◆ TASK TO CARRY OUT
Pictures should be omitted from your copy. Everything else in the entries below must be restated word for word.

[[ SOURCE INFORMATION open ]]

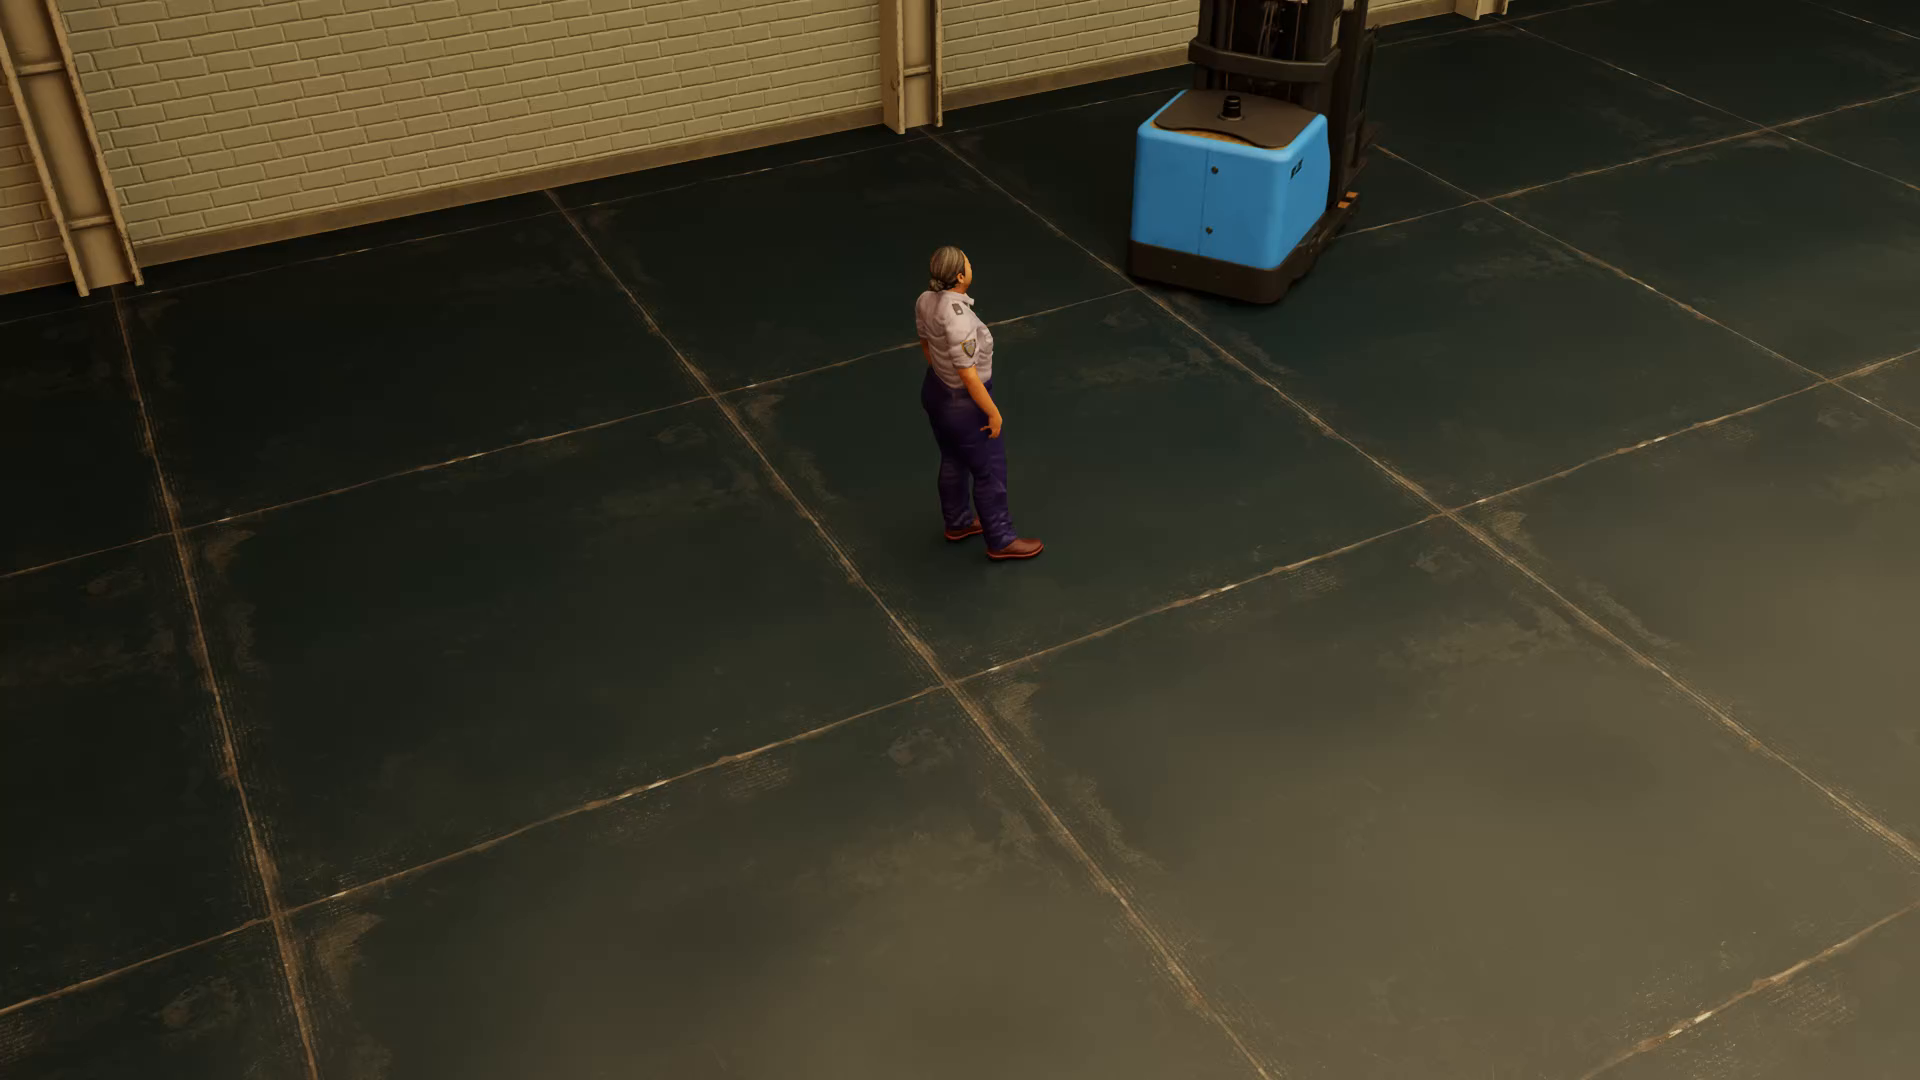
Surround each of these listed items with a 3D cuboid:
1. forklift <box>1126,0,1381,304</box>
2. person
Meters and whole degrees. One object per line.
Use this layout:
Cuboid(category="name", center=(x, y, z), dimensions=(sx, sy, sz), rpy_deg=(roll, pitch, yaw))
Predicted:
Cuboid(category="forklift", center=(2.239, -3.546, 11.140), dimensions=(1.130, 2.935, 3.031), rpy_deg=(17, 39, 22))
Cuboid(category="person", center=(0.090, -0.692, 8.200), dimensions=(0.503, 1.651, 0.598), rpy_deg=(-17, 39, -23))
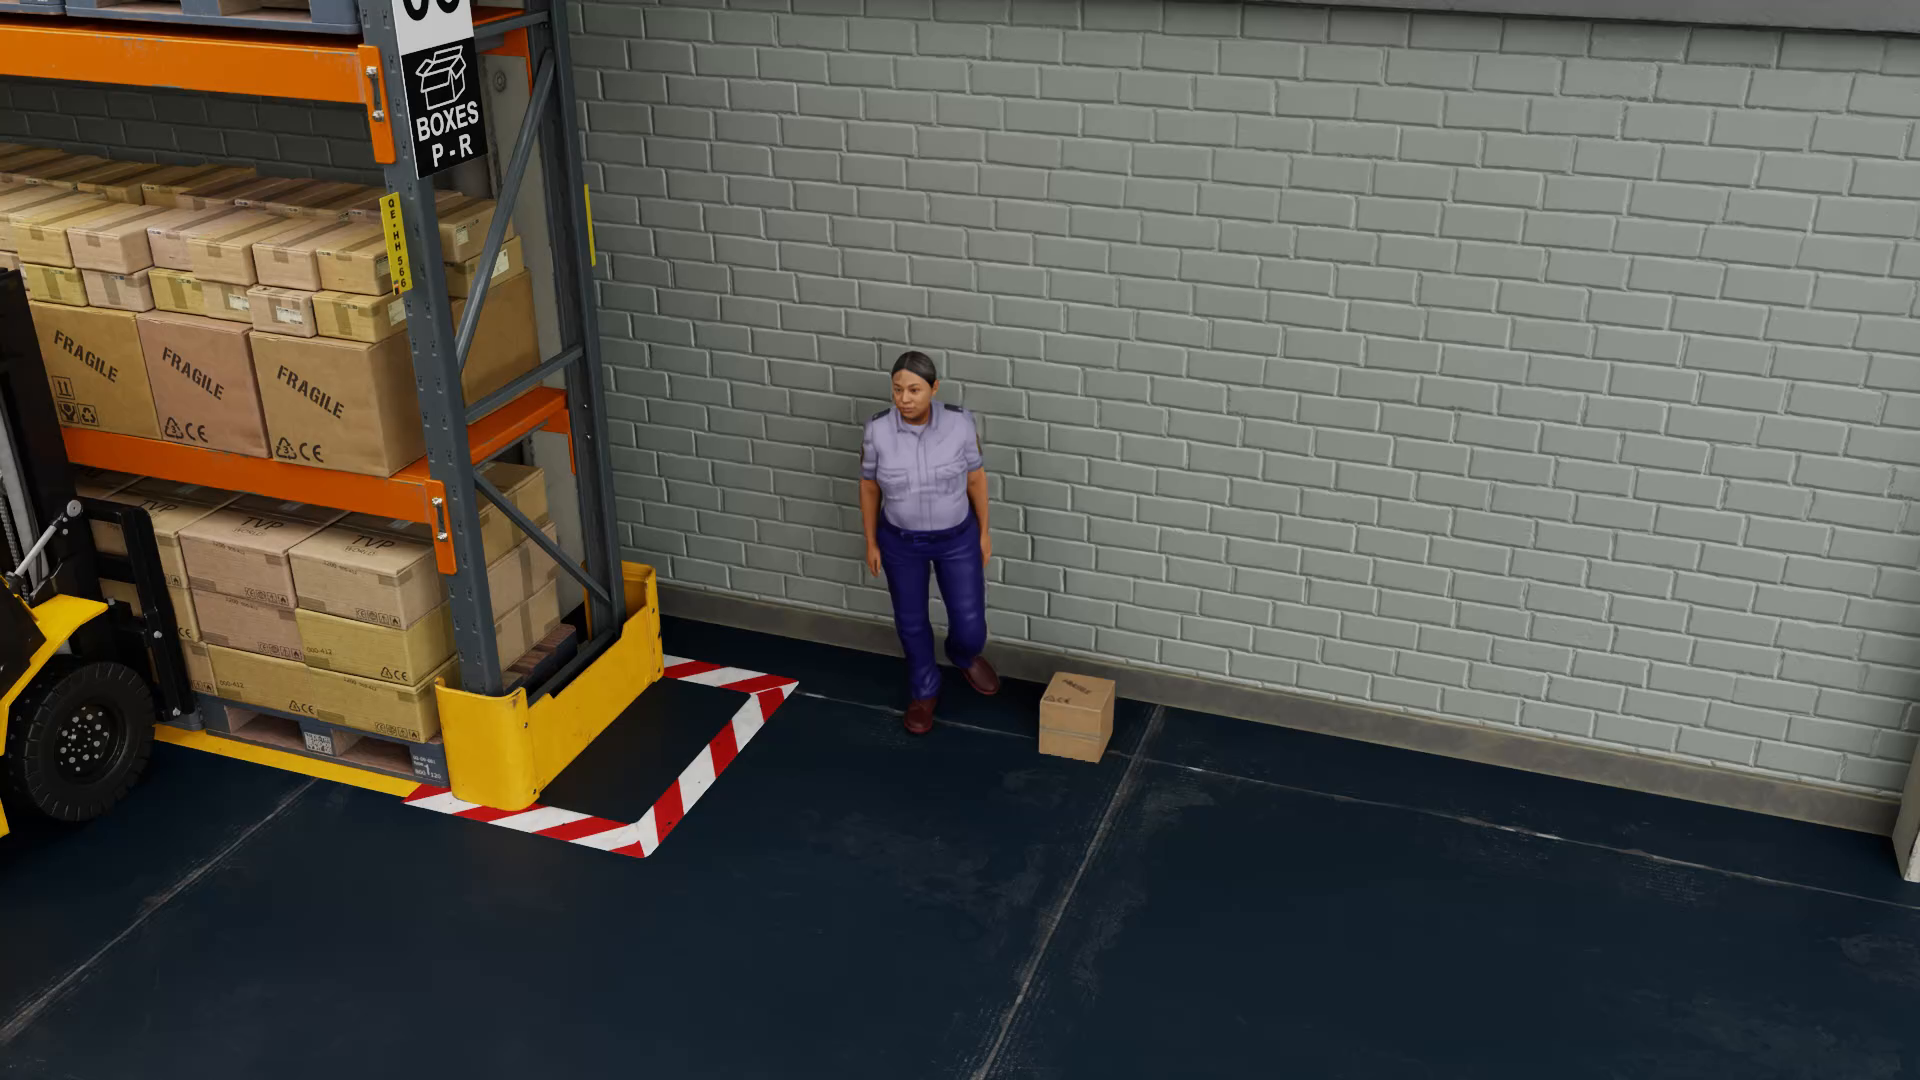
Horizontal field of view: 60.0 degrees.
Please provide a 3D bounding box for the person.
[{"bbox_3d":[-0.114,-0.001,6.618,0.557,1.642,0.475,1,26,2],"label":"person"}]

[[ SOURCE INFORMATION closed ]]

◆ ANSWER SECTION
Surround each of these listed items with a 3D cuboid:
1. forklift <box>1126,0,1381,304</box>
2. person
Meters and whole degrees. One object per line.
Use this layout:
Cuboid(category="name", center=(x, y, z), dimensions=(sx, sy, sz), rpy_deg=(roll, pitch, yaw))
Predicted:
Cuboid(category="forklift", center=(2.239, -3.546, 11.140), dimensions=(1.130, 2.935, 3.031), rpy_deg=(17, 39, 22))
Cuboid(category="person", center=(0.090, -0.692, 8.200), dimensions=(0.503, 1.651, 0.598), rpy_deg=(-17, 39, -23))
Horizontal field of view: 60.0 degrees.
Please provide a 3D bounding box for the person.
[{"bbox_3d":[-0.114,-0.001,6.618,0.557,1.642,0.475,1,26,2],"label":"person"}]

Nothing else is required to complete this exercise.